In a 2008 expedition, I helped discover a chamber underneath a building that apparently once held a shrine. Underground spaces were often sacred to the ancient Maya, who believed such places were connected with the underworld.

A big picture built of many pieces

Over the past few decades, the Maya Research Program has gathered many clues about what life in Blue Creek was once like. Any one artifact usually has very little meaning by itself and instead gains significance when archaeologists see how it connects with other finds or its surroundings. For instance, if an item was found in a grave, it was probably valued. If it was found in a garbage heap outside a house, it probably had little value.

To archaeologists, even that “garbage” offers clues to understanding why the ancient Maya disappeared.
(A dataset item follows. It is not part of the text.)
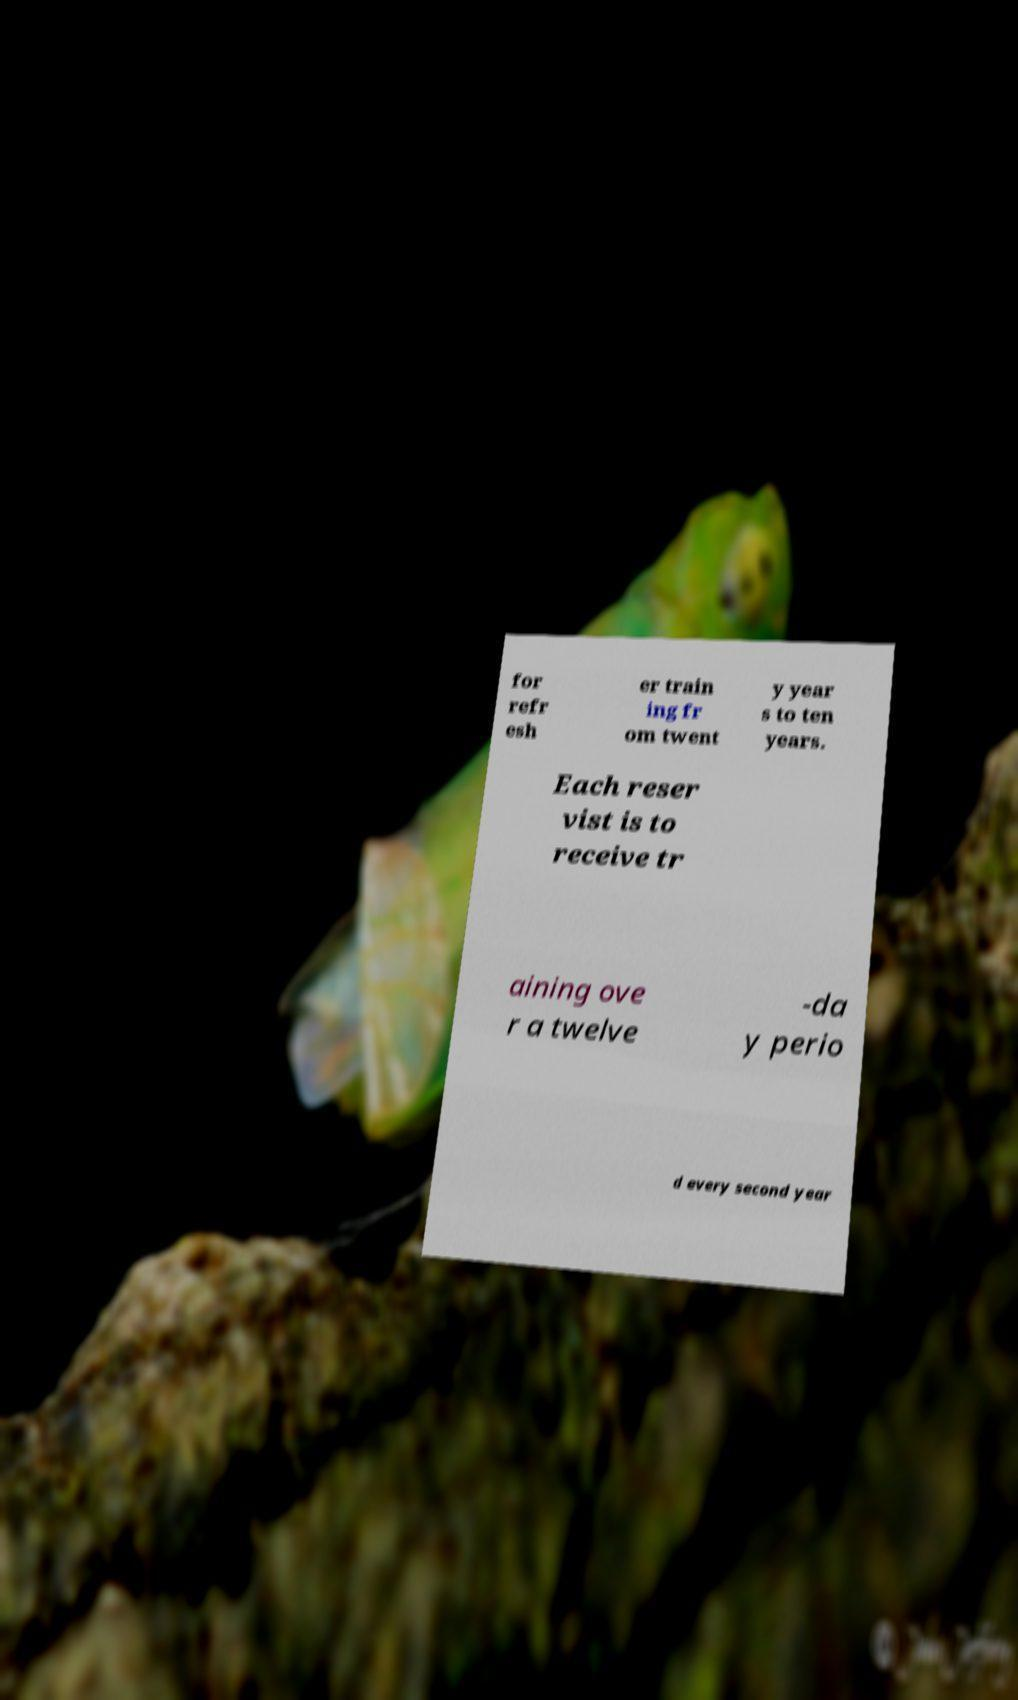Please identify and transcribe the text found in this image. for refr esh er train ing fr om twent y year s to ten years. Each reser vist is to receive tr aining ove r a twelve -da y perio d every second year

Volunteers and researchers with the Maya Research Program are not in the jungles of Belize to hunt treasure but to save it. Though looters who steal valuable artifacts can do incalculable harm to archaeologists’ understanding of the ancient empire, criminals have unfortunately raided a number of sites at Blue Creek. Luckily, scientists running this excavation are friendly enough with the local community to at times retrieve stolen artifacts.

The picture that researchers are developing of ancient Blue Creek suggests it was a significant site. It was located at the end of a major river used as an important trade route by the ancient Maya. The site also contains a vast network of ditches that helped irrigate fields with water. That would have made crop production very efficient, said Maya Research Program’s Samantha Krause.

Indeed, such details might explain why Blue Creek acquired unusual wealth. They might also help explain the end of the ancient Maya civilization.

The empire was made of many kingdoms and communities that grew increasingly dependent on each other over time. That dependence might also have made each community less capable of surviving on its own. Blue Creek apparently grew more crops than it needed, which would have allowed it to ship extra food to help feed other areas. The prevailing idea on why the ancient Maya culture disappeared is that environmental catastrophes such as droughts disrupted the networks that tied communities together. A catastrophe that endangered Blue Creek, for instance, might have had domino effects, rapidly causing disasters to develop in neighboring communities.

“The ancient Maya had a much more complex society than they’re often given credit for, and they might have lessons for our own time,” Guderjan said. “We live in a world where we face challenges with our environment, and our society is connected tightly with others.”

Blue Creek might also point to the complexity of the collapse of the ancient Maya civilization. For instance, while the main plaza at the center of Blue Creek was abandoned roughly between A.D. 830 and 1100, Chum Balam-Nal and other sites may have survived longer, by another generation or so, Savoie said. That might mean these areas allied themselves with outsiders as the ancient Maya culture was collapsing.

Clearly, Guderjan says, “There’s much more that Blue Creek has to teach us.”